NW May 1, 2008 @ 1:45 a.m.

A bit more research or first hand knowledge is usually needed if you're going to make educated statements as a journalist.

Being from Tashkent, please let me clear up a few things for you.

Chuchvara are an Uzbek variant on Russian pelmeni. Rather than being boiled like pelmeni, they are fried in cotton oil. They're not considered a national dish. In general, they're most common amongst the non-Uzbek community in Uzbekistan.

The national dish of Uzbekistan is plov. (a rice dish of lamb, carrots, onions and cumin)All Uzbeks will tell you of how it was served to Alexander the Great. Other typical Uzbek dishes are lagman, dimlama, shurpa and samsa.

Palm sized manti are a close second as a national dish. They are usually eaten with the hands and topped with yogurt. Afghans, Uyghurs, Tajiks, Dungans and Armenians have a similar dish.

As for the connection between Greek and Afghan food. Not at all a strech nor an oddity that they resemble each other in some way. The Greek presence in what is now Afghanistan following the conquests of Alexander the Great, both country's position either in or as trading partners of the Ottoman and Persian empires would have led to an exchange of cooking methods.

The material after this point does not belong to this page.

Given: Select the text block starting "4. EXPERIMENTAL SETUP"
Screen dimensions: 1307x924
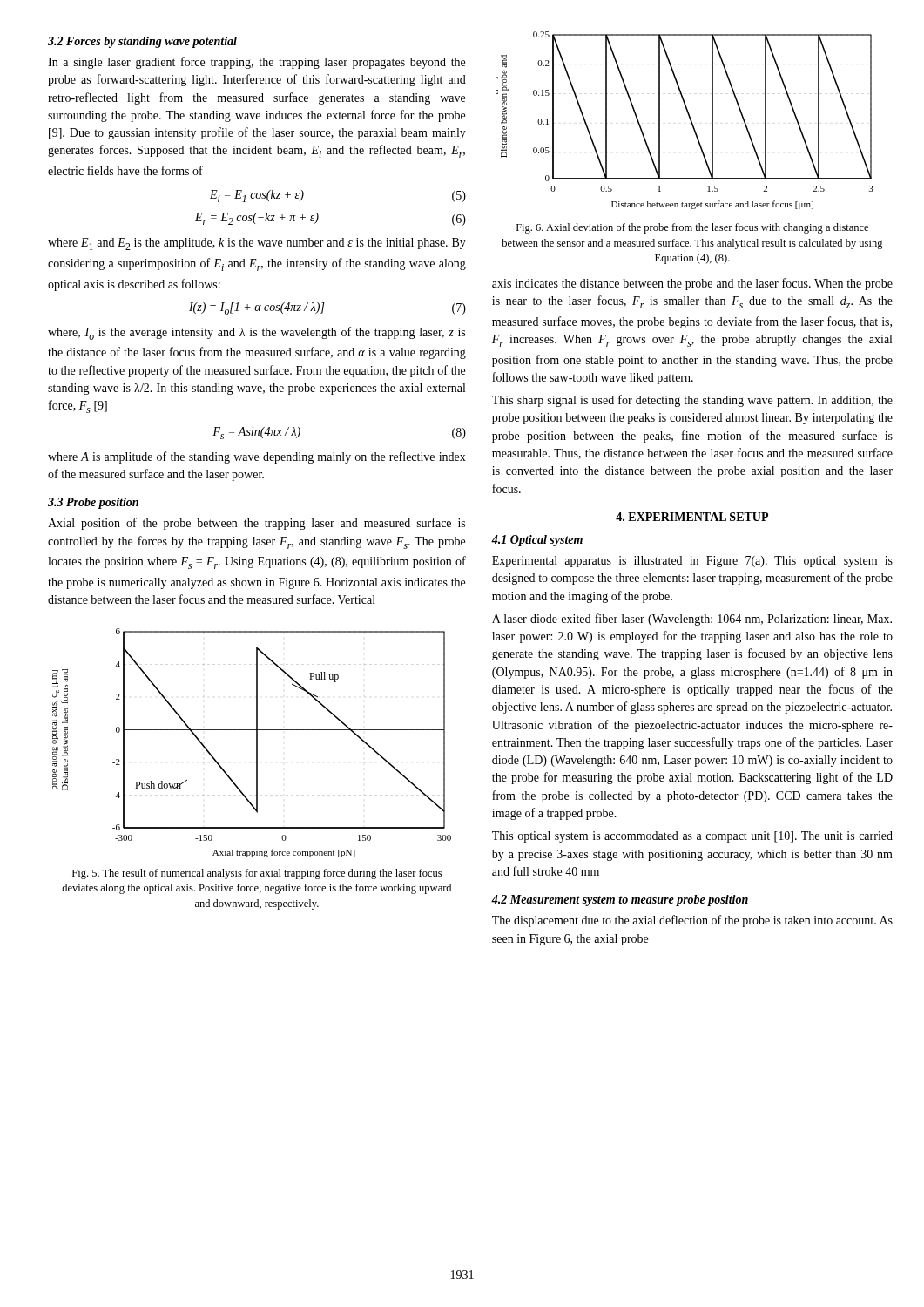Looking at the screenshot, I should pos(692,517).

More than likely, the paramount reason would have been the Silk Road. In many ways, modern Greece is a patchwork of Greeks who, as recently as the first half of the 20th century, resided in Anatolia, Constantinople, Abkhazia, Georgia, Armenia etc. The contact they would have had with cooking methods and spices flowing in from Central Asia would have led to some cross polinization.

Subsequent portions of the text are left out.